At Phonic we advocate for the efficiency of human speech. Communicating with voice is fast (150 words per minute compared to 50 for typing), rich in emotion and accessible to nearly everyone on the planet. We've always known that these differences enable longer, more detailed survey responses, but we recently dug into the data to quantify exactly how much better audio open-ends are than text.
Approach
To do this, we conducted a study with two almost identical surveys: one with traditional open text responses and one where respondents answered with voice (N=200). The surveys were completed by 200 unique respondents, randomly assigned to either voice or audio. The respondents consisted of a general population sample from the United States, Canada and the United Kingdom.
The survey prompted respondents on their granola bar preferences, imitating a typical market research study. We focused primarily on comparing three metrics: length, descriptiveness and complexity between text and audio responses.
1. Utterance Length: The total number of words in a response.
2. Descriptive Language: The total number of adjectives and adverbs in a response.
3. Lexical Complexity: The complexity of a response, measured by Flesch-Kincaid grade level.
Results
The results demonstrate a statistically significant increase in descriptive language, utterance length and lexical complexity in the audio responses as compared to the text. Audio responses are on average 2.8x greater in length and use 1.5x more descriptive words per response. The average complexity also jumped more than 2.5 grade levels.
Quantitative measurements varied minimally among the six unstructured responses. Less than 5% of text responses were longer than 30 words, whereas 35% of voice responses were at least this length. The distribution of text response lengths exponentially decreased, but the audio response lengths are more accurately modelled by a lognormal distribution, suggesting there is a typical audio response length.

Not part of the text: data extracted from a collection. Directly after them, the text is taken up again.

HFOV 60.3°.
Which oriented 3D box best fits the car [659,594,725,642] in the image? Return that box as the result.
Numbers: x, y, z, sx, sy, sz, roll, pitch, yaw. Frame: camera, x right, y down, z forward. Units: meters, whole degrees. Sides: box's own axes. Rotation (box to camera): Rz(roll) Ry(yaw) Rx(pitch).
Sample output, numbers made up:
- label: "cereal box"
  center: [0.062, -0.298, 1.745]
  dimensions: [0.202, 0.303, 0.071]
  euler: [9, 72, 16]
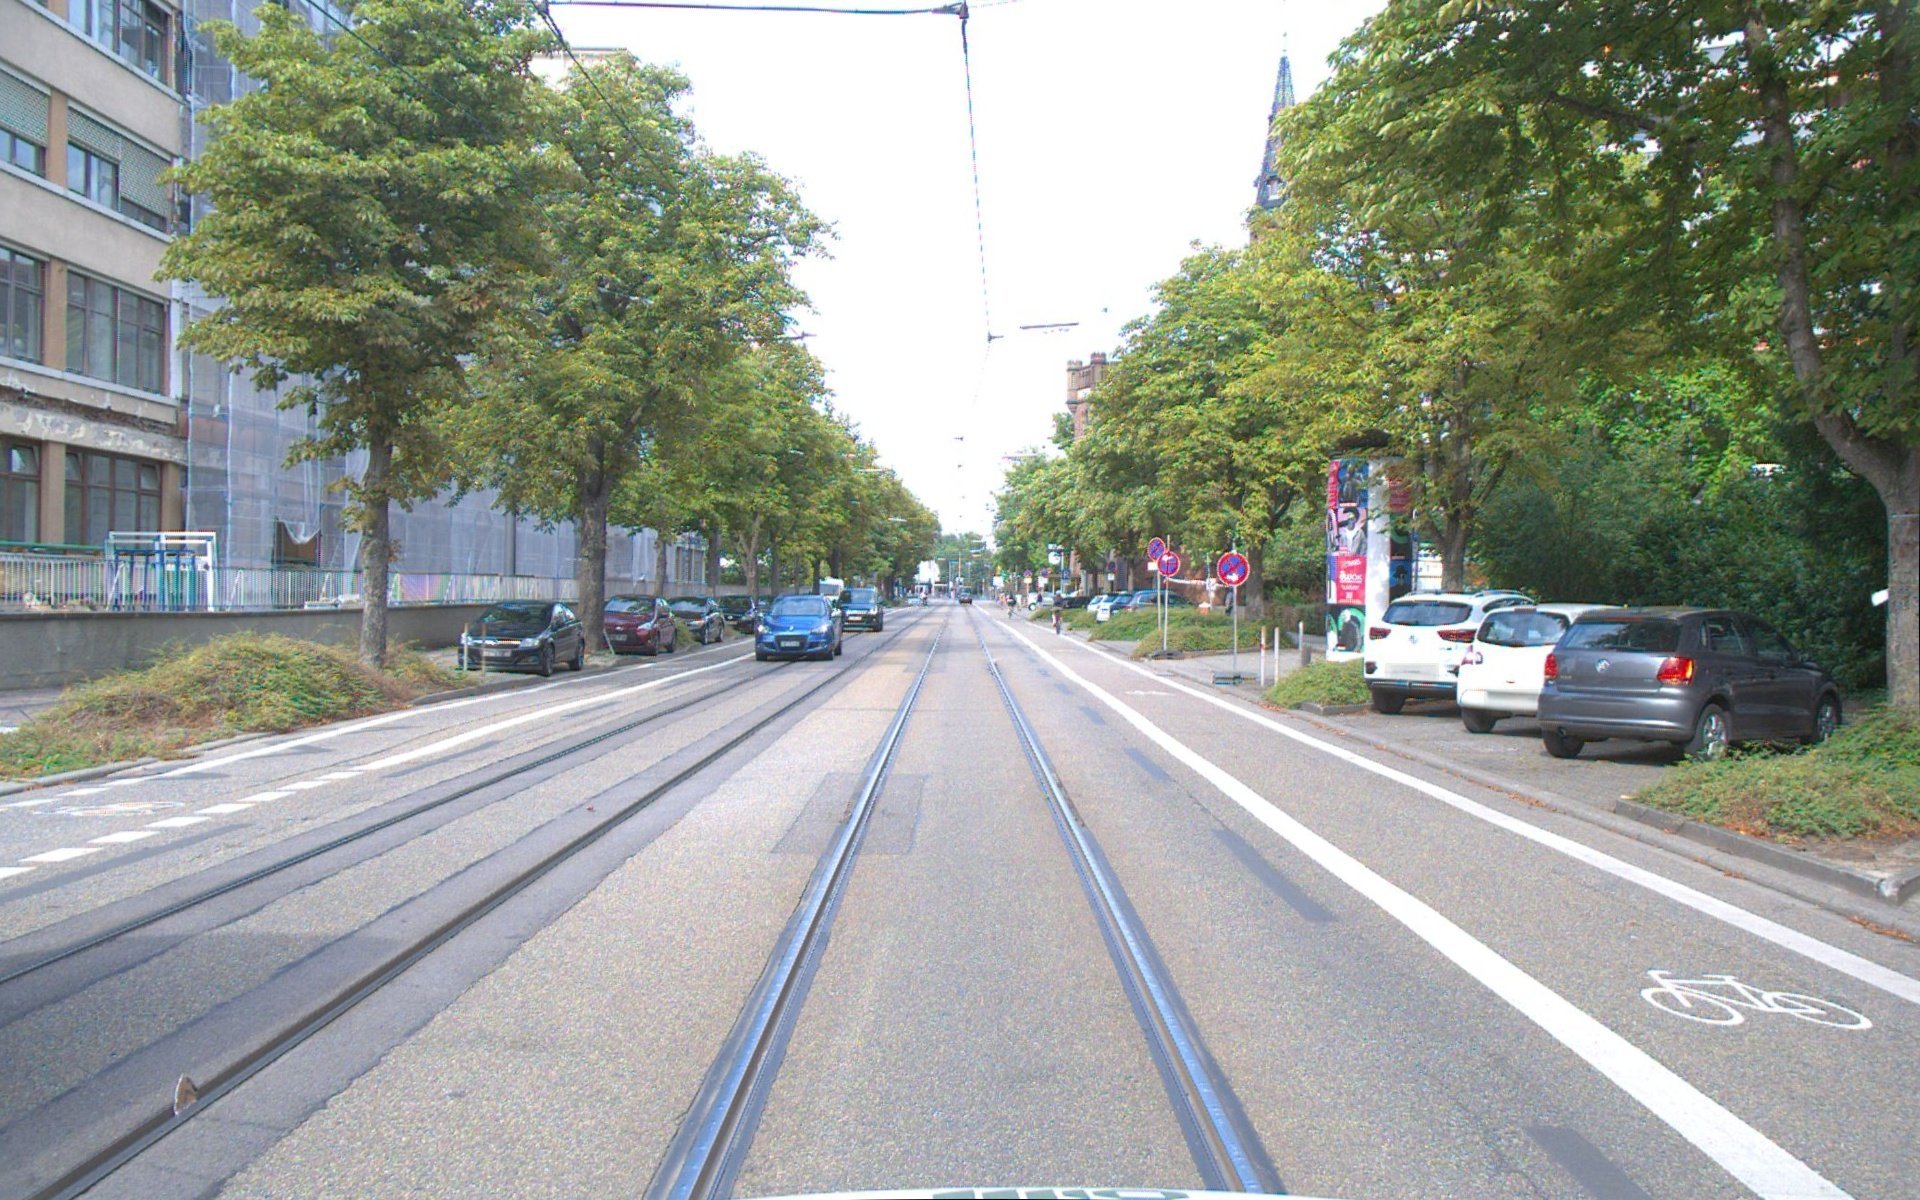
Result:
- label: "car"
  center: [-8.372, 0.548, 51.960]
  dimensions: [1.558, 1.427, 3.961]
  euler: [1, 0, -2]

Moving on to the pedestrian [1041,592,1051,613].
- label: "pedestrian"
  center: [7.519, 0.262, 144.525]
  dimensions: [0.732, 1.821, 0.731]
  euler: [1, -1, 15]

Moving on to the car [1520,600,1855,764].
- label: "car"
  center: [7.305, 0.750, 16.486]
  dimensions: [3.612, 1.444, 1.658]
  euler: [1, 0, -40]

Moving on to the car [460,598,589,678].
- label: "car"
  center: [-8.377, 0.685, 32.100]
  dimensions: [1.558, 1.427, 3.961]
  euler: [1, 0, -2]

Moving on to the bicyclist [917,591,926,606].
- label: "bicyclist"
  center: [-3.942, -0.129, 169.464]
  dimensions: [0.828, 1.531, 0.769]
  euler: [1, 0, 8]

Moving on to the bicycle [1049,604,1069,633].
- label: "bicycle"
  center: [3.824, 0.710, 63.872]
  dimensions: [0.581, 1.062, 1.977]
  euler: [1, 0, -2]

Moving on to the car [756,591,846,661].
- label: "car"
  center: [-3.664, 0.559, 38.774]
  dimensions: [1.697, 1.522, 4.378]
  euler: [0, 1, 0]

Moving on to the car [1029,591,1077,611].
- label: "car"
  center: [8.103, 0.059, 144.850]
  dimensions: [3.910, 1.722, 1.998]
  euler: [1, 0, -6]

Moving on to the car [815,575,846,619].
- label: "car"
  center: [-8.319, -0.186, 106.340]
  dimensions: [1.686, 2.751, 5.468]
  euler: [1, 0, -2]

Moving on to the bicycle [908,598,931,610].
- label: "bicycle"
  center: [-4.152, 0.395, 169.492]
  dimensions: [2.226, 1.210, 0.769]
  euler: [1, 0, 7]

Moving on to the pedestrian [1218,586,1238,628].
- label: "pedestrian"
  center: [12.206, 0.320, 75.238]
  dimensions: [0.769, 1.858, 0.662]
  euler: [1, 0, 20]

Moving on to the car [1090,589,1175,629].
- label: "car"
  center: [7.162, 0.380, 68.470]
  dimensions: [1.654, 1.630, 3.621]
  euler: [0, 0, 44]

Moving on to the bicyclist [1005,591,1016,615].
- label: "bicyclist"
  center: [3.309, 0.202, 108.656]
  dimensions: [0.645, 1.522, 0.929]
  euler: [1, 0, 0]

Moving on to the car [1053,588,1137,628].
- label: "car"
  center: [5.774, 0.345, 70.597]
  dimensions: [1.654, 1.630, 3.621]
  euler: [0, 0, 44]

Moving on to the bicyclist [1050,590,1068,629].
- label: "bicyclist"
  center: [3.833, 0.355, 63.873]
  dimensions: [0.581, 1.485, 0.875]
  euler: [1, 0, -2]

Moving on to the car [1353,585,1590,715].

Aside from the measurable quantitative differences, the voice responses differed from text in other important ways. Respondents were enthusiastic, shared personal anecdotes, jokes, increased detail and otherwise engaged more authentically with the survey questions.
Takeaways
Overall, the study demonstrates that both the quantity and quality of information offered via voice responses far surpasses what users are willing to type. The efficacy of voice surveys is supported by a substantial increase in descriptive language, utterance length and lexical complexity. These results are not unprecedented: they are a predictable consequence of using a lower friction input mode, and this study begins to quantify the degree to which survey friction compromises data quality. When answering open-ended questions, speaking aloud comes more naturally than typing and as a result people are more willing to elaborate on their thoughts and opinions to a degree not seen in text responses.